== Segment start ==

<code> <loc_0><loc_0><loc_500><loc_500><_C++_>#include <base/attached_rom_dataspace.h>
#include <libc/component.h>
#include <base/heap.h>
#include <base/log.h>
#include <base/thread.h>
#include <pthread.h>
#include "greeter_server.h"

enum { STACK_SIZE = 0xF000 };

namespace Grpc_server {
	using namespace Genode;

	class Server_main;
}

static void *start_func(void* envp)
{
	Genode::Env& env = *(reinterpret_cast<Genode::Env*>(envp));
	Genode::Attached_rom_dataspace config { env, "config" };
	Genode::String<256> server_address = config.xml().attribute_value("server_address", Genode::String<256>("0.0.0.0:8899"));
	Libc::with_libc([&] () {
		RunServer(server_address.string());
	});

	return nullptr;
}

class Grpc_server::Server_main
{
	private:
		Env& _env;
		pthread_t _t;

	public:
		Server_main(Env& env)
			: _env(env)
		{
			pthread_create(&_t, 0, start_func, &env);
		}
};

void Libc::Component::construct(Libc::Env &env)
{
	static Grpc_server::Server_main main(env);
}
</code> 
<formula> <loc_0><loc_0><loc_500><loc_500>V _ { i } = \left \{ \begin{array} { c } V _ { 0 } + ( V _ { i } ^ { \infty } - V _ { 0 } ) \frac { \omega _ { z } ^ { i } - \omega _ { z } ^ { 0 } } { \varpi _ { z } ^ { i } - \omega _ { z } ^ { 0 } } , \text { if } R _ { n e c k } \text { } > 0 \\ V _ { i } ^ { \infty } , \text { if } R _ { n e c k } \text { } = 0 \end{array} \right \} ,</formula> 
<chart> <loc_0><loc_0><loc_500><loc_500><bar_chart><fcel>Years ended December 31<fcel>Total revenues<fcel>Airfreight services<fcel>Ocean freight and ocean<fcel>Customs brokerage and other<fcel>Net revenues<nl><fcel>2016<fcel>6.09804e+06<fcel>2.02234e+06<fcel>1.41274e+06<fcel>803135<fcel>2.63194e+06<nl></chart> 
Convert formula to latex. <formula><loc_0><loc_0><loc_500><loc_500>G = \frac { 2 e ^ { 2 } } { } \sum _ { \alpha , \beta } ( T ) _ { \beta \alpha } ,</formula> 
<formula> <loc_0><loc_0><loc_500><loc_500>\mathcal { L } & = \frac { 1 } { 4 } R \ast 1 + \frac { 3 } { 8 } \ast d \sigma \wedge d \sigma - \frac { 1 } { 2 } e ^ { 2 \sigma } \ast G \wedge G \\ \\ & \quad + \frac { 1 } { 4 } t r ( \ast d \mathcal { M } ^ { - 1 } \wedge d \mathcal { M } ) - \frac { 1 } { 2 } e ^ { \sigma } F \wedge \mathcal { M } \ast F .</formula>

== Segment end ==

» TASK INSTRUCTIONS
All that belongs in the answer is the run of lines above from the line containing "STACK_SIZE = 0xF000" through the line containing "<formula> <loc_0><loc_0><loc_500><loc_500>V _", exactly as written.

» SOLUTION
enum { STACK_SIZE = 0xF000 };

namespace Grpc_server {
	using namespace Genode;

	class Server_main;
}

static void *start_func(void* envp)
{
	Genode::Env& env = *(reinterpret_cast<Genode::Env*>(envp));
	Genode::Attached_rom_dataspace config { env, "config" };
	Genode::String<256> server_address = config.xml().attribute_value("server_address", Genode::String<256>("0.0.0.0:8899"));
	Libc::with_libc([&] () {
		RunServer(server_address.string());
	});

	return nullptr;
}

class Grpc_server::Server_main
{
	private:
		Env& _env;
		pthread_t _t;

	public:
		Server_main(Env& env)
			: _env(env)
		{
			pthread_create(&_t, 0, start_func, &env);
		}
};

void Libc::Component::construct(Libc::Env &env)
{
	static Grpc_server::Server_main main(env);
}
</code> 
<formula> <loc_0><loc_0><loc_500><loc_500>V _ { i } = \left \{ \begin{array} { c } V _ { 0 } + ( V _ { i } ^ { \infty } - V _ { 0 } ) \frac { \omega _ { z } ^ { i } - \omega _ { z } ^ { 0 } } { \varpi _ { z } ^ { i } - \omega _ { z } ^ { 0 } } , \text { if } R _ { n e c k } \text { } > 0 \\ V _ { i } ^ { \infty } , \text { if } R _ { n e c k } \text { } = 0 \end{array} \right \} ,</formula> 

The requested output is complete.